Вторая история рассказана была профессору Владимиру Маркову. Во время Второй мировой войны Анна Дмитриевна и Сергей Эрнестович Радловы оказались в Германии. У них были рукописи поэта. Когда приблизился фронт, они оставили свои пожитки у знакомых, живших около Берлина, на хранение. Скоро через это место прошел советско-германский фронт. Гараж, где хранились вещи, был взломан, и местные жители видели, как солдаты сворачивают самокрутки из бумаги, разбросанной по гаражу. Были ли среди этих бумаг рукописи Кузмина? Бог весть [653]653
См. также: Шерон Ж.Еще раз о рукописях Михаила Кузмина в Германии: по материалам архива В. Маркова // Россия и Запад: Сборник статей в честь 70-летия К. М. Азадовского. С. 534–536.

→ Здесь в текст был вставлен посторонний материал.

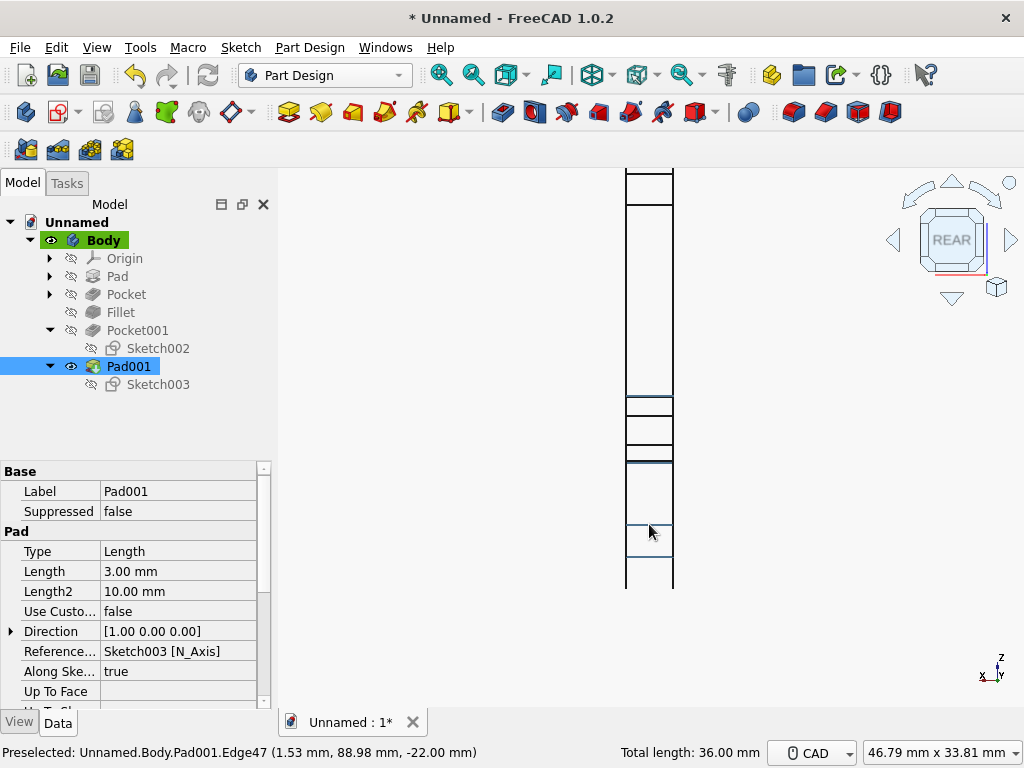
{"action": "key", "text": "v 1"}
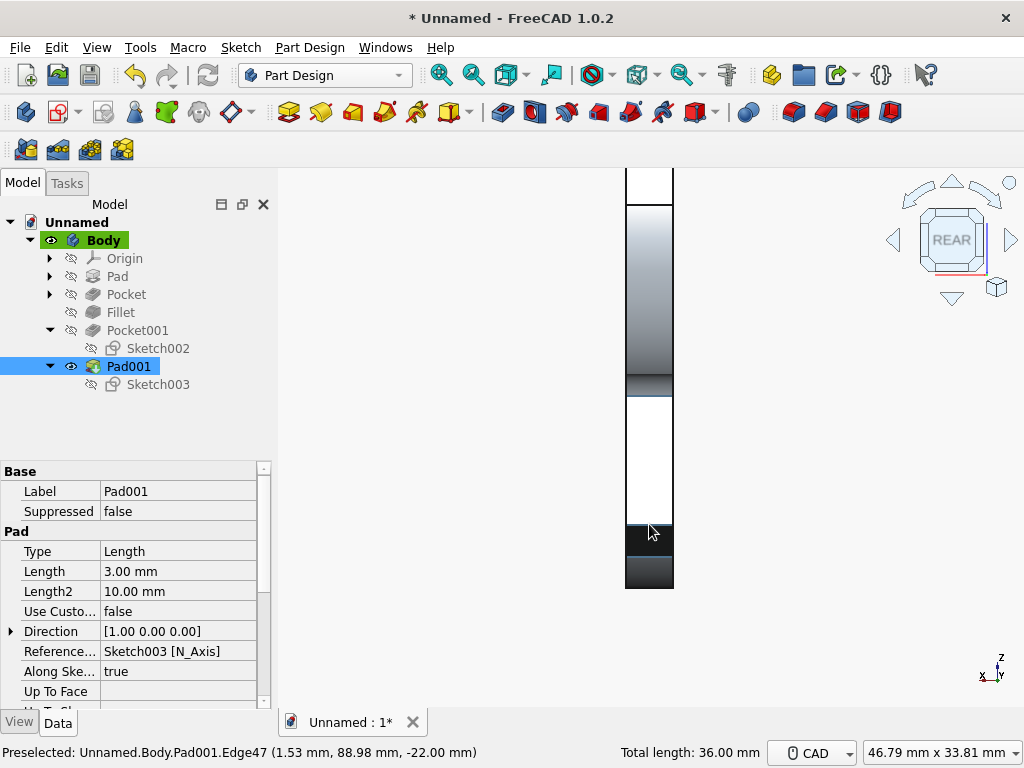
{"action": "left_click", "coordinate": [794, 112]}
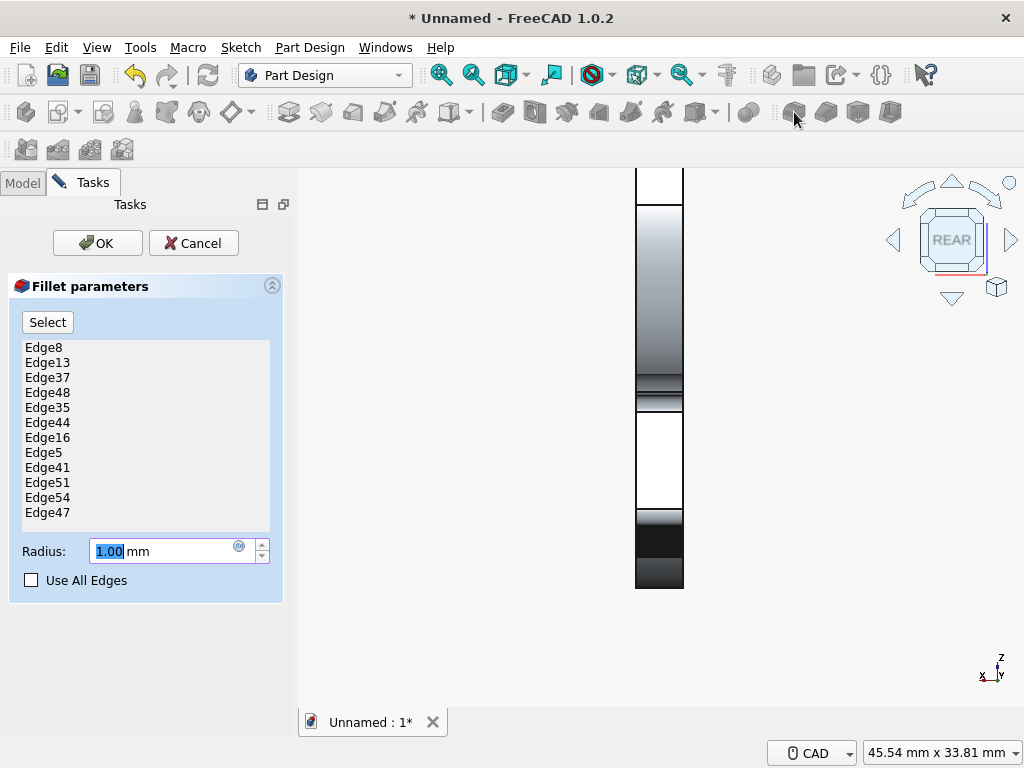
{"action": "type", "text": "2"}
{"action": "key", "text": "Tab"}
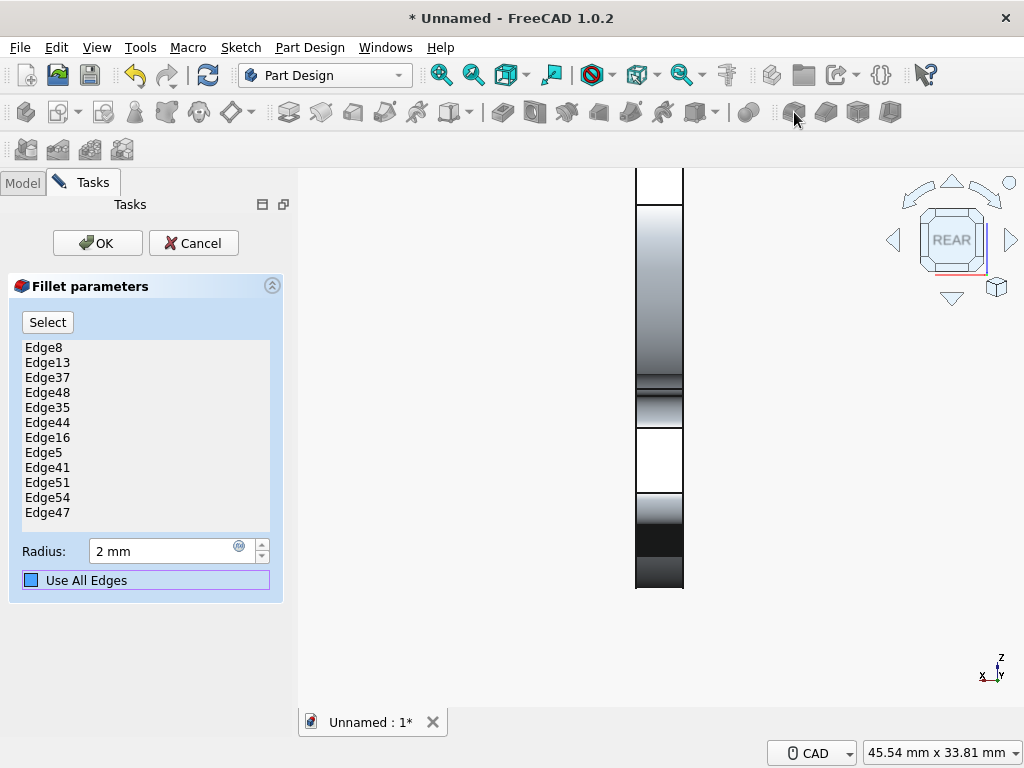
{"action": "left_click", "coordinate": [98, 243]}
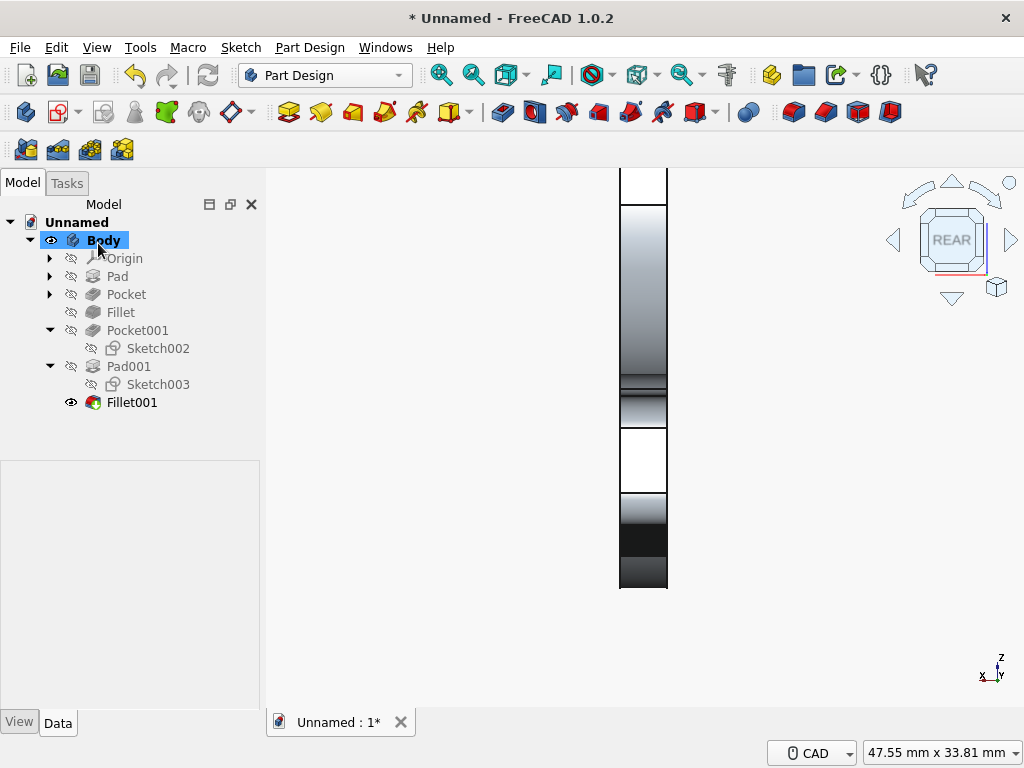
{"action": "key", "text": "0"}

[Закрыть] . Во всяком случае, мы знаем, что после ареста Радловых по обвинению в сотрудничестве с оккупантами какая-то часть их архива была передана репрессивными органами в ленинградскую Государственную публичную библиотеку (ныне – рукописный отдел Российской национальной библиотеки), и в этой части сохранился уникальный документ – переписанная кем-то неизвестным записная книжечка с абсолютно неожиданным вариантом лучшего гумилевского сборника «Огненный столп» и с циклом Кузмина «Плен» – эта копия является единственным пока что источником его текста.